---- Available data

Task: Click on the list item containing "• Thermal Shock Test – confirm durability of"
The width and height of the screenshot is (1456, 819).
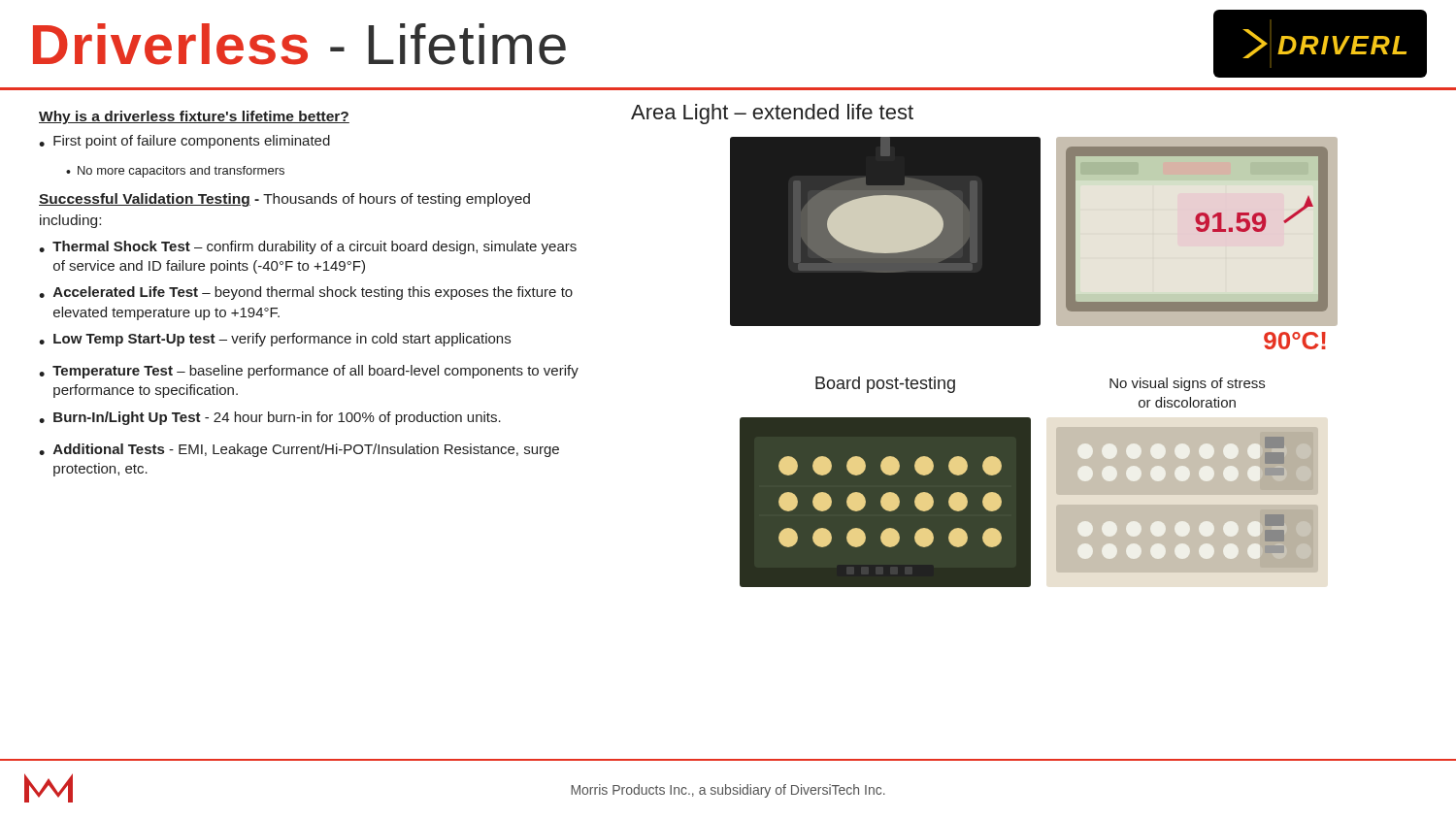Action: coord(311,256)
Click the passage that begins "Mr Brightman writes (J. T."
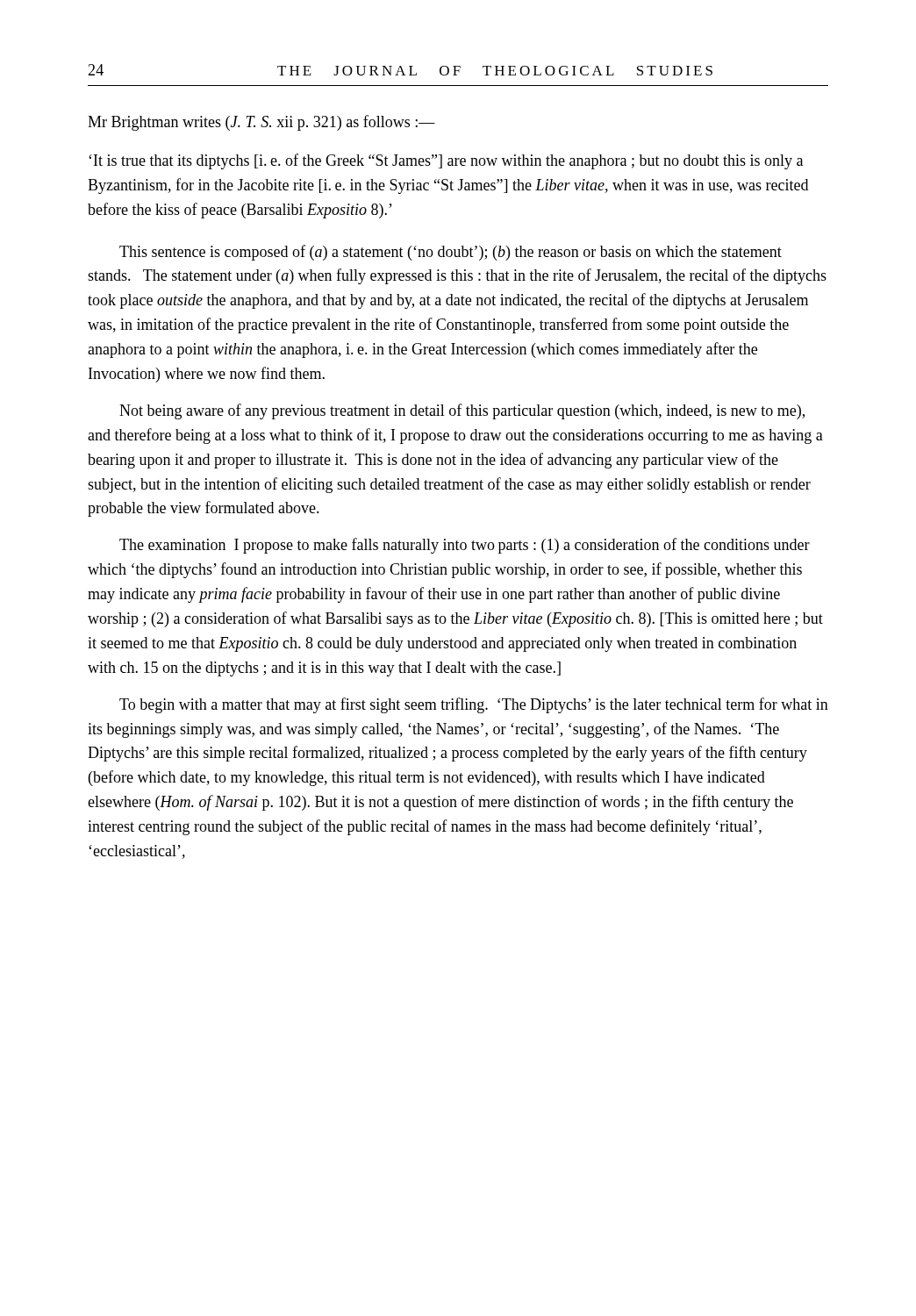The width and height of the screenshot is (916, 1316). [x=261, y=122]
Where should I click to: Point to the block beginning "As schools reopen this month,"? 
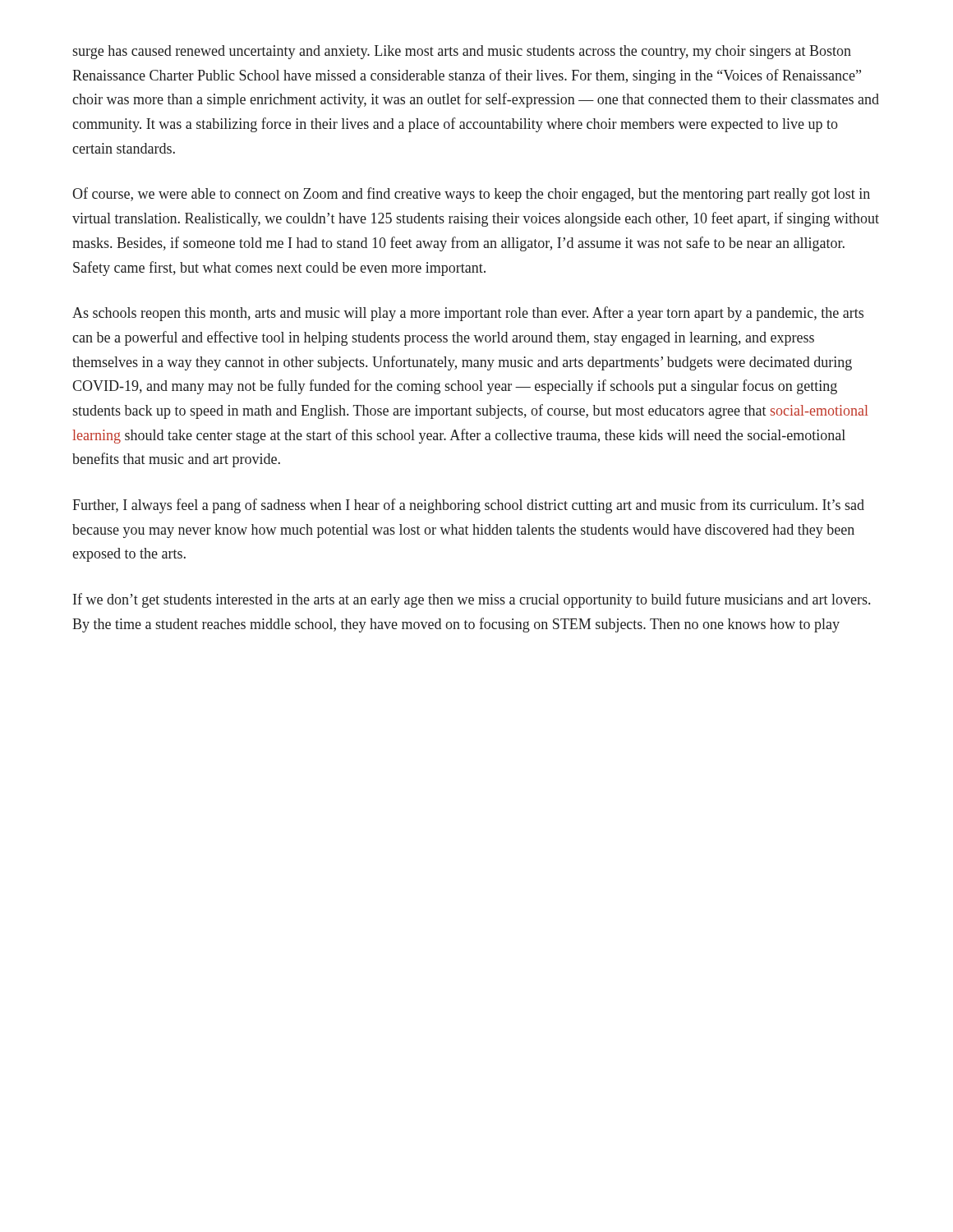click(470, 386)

--------

● What is expected:
Word for word, return the material above, but drop the pictures.

● Response:
Task: Click on the list item containing "• Thermal Shock Test – confirm durability of"
The width and height of the screenshot is (1456, 819).
Action: coord(311,256)
Click the passage that begins "Mr Brightman writes (J. T."
The width and height of the screenshot is (916, 1316). [x=261, y=122]
Where should I click to: Point to the block beginning "As schools reopen this month,"? 
click(470, 386)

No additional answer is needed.